Social workers aren’t the only local professionals whose fields rely on federal funding and who look apprehensively at large-scale federal budget cuts — the work of Pitt’s researchers might also be at risk.

The president’s proposed budget would strike out as much as 11 percent of the funding that the National Science Foundation — a federal institute that funds scientific research — receives annually. And Pitt, which ranks among the largest recipients of NSF funding in the country, would likely feel the pain.

Pitt laboratories would unquestionably be affected by the proposed cuts, according to Arvind Suresh, spokesperson for the office of Pitt School of Medicine Dean Arthur Levine. However, he added, it’s impossible to know just yet how much damage the cuts will do. Pitt received $760 million in federal research funds, according to a 2015 budget presentation.

In a statement released May 2017, Association of American Universities President Mary Sue Coleman said the proposed cuts to federal funding of research “would effectively cripple our nation’s scientific efforts … and hobble our ability to provide tomorrow’s cures and technologies.”

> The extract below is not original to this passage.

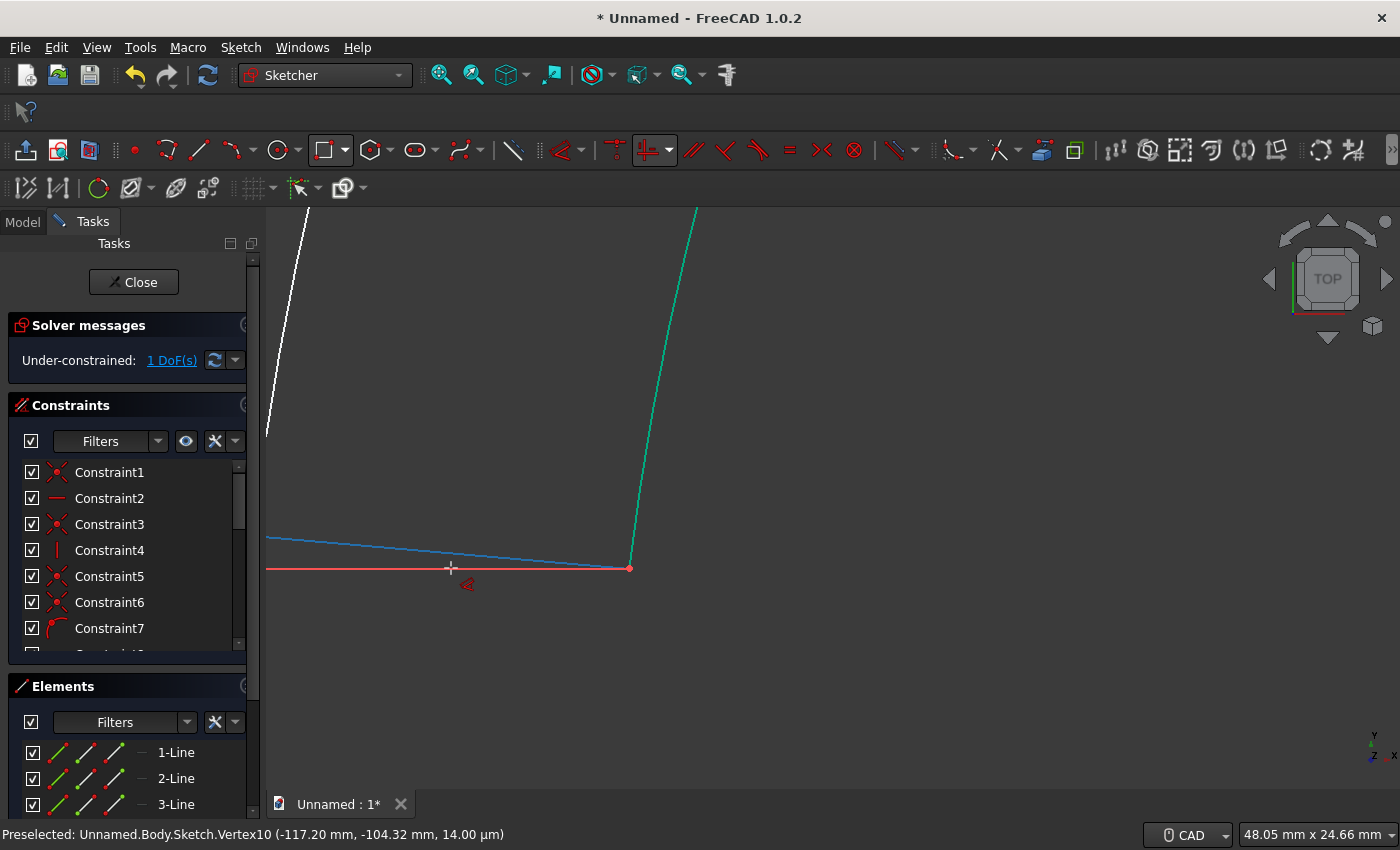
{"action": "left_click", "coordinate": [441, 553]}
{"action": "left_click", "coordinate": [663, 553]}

For now, researchers can do little but wait anxiously to see just how much research will contract with the upcoming year’s federal budget. Momich advised that cuts, even in seemingly unimportant areas, could have unintended consequences, as federal museum funding went to scientific research being done by the Carnegie Museum of Natural History.

“We fulfill a lot of roles,” she said. “That’s what we’re here to do. And budget cuts make it just that much harder.”